Your assignment
Everything in the listing below should be repeated exactly, apart from the pictures.

Supplied data
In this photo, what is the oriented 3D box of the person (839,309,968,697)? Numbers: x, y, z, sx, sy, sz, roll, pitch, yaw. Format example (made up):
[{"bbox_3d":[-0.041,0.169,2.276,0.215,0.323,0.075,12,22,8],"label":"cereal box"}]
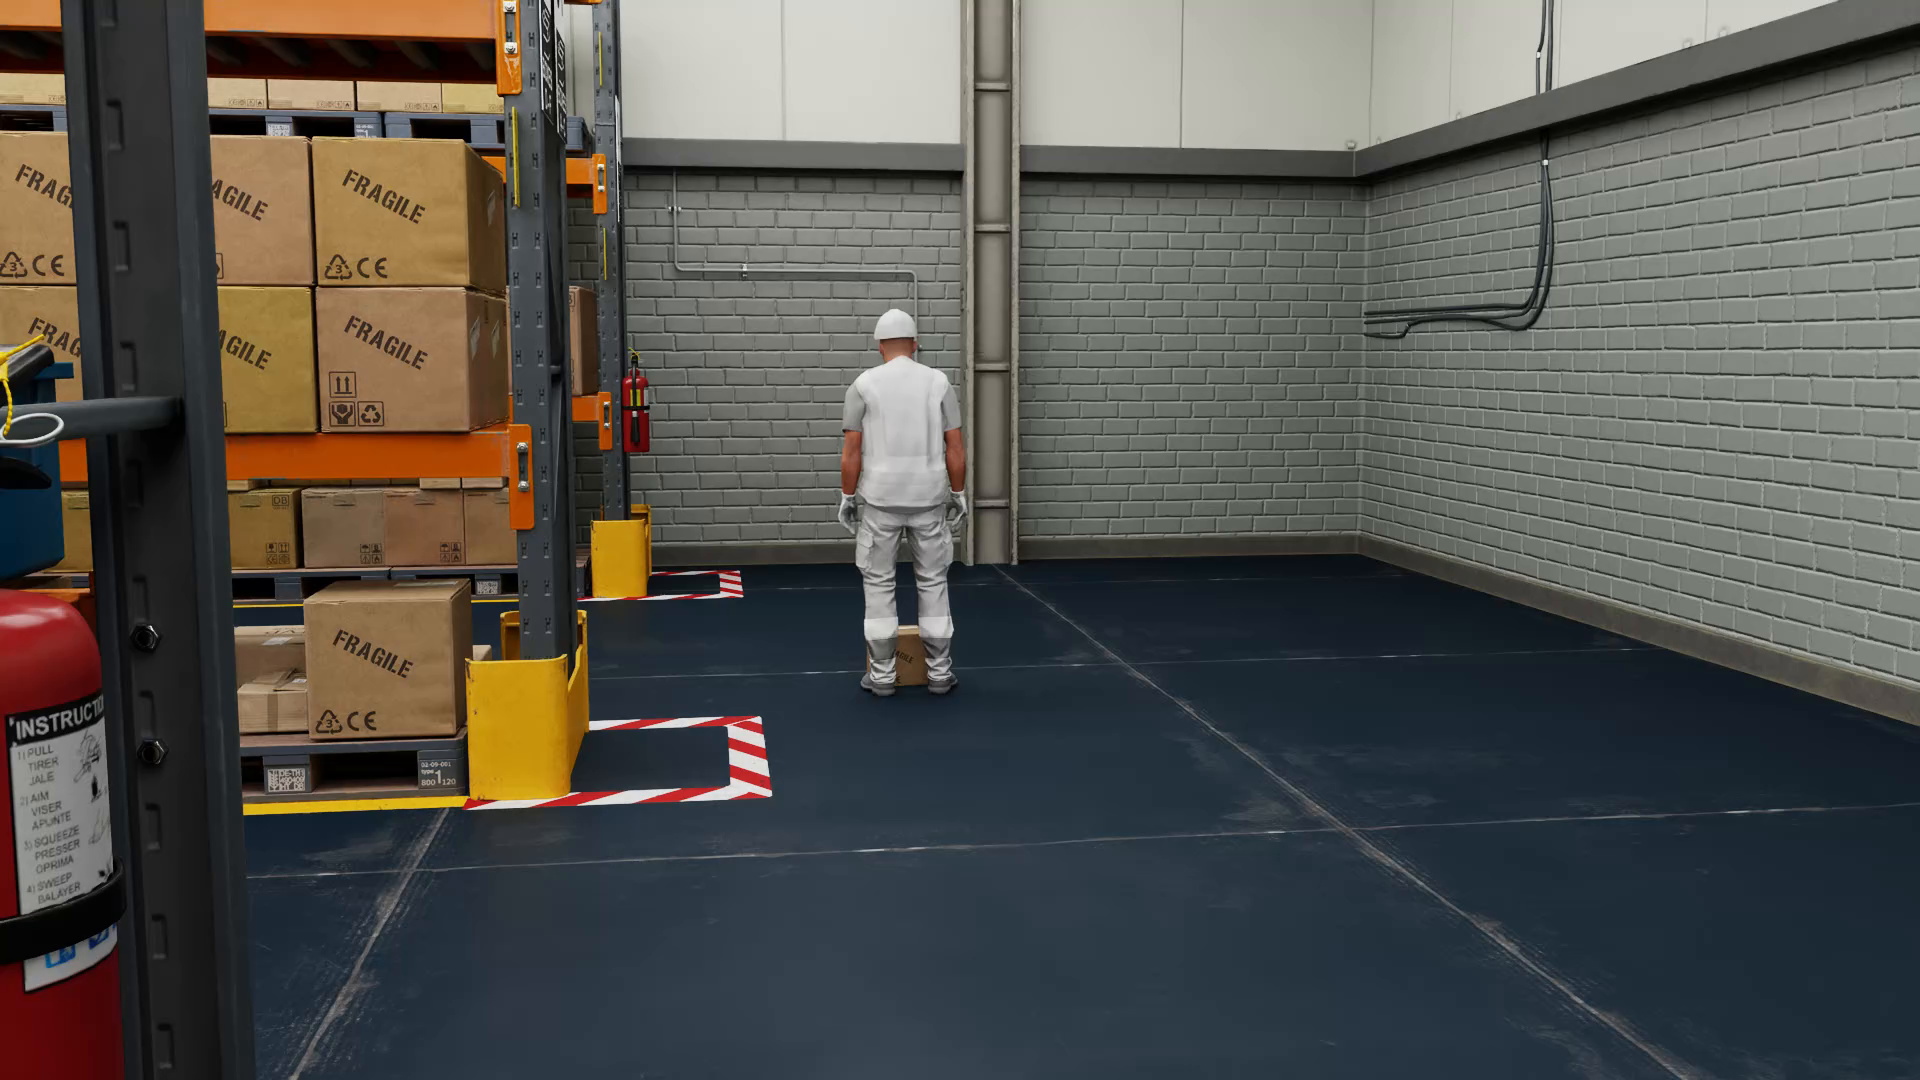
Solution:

Exercise answer
In this photo, what is the oriented 3D box of the person (839,309,968,697)? Numbers: x, y, z, sx, sy, sz, roll, pitch, yaw. Format example (made up):
[{"bbox_3d":[-0.041,0.169,2.276,0.215,0.323,0.075,12,22,8],"label":"cereal box"}]
Solution:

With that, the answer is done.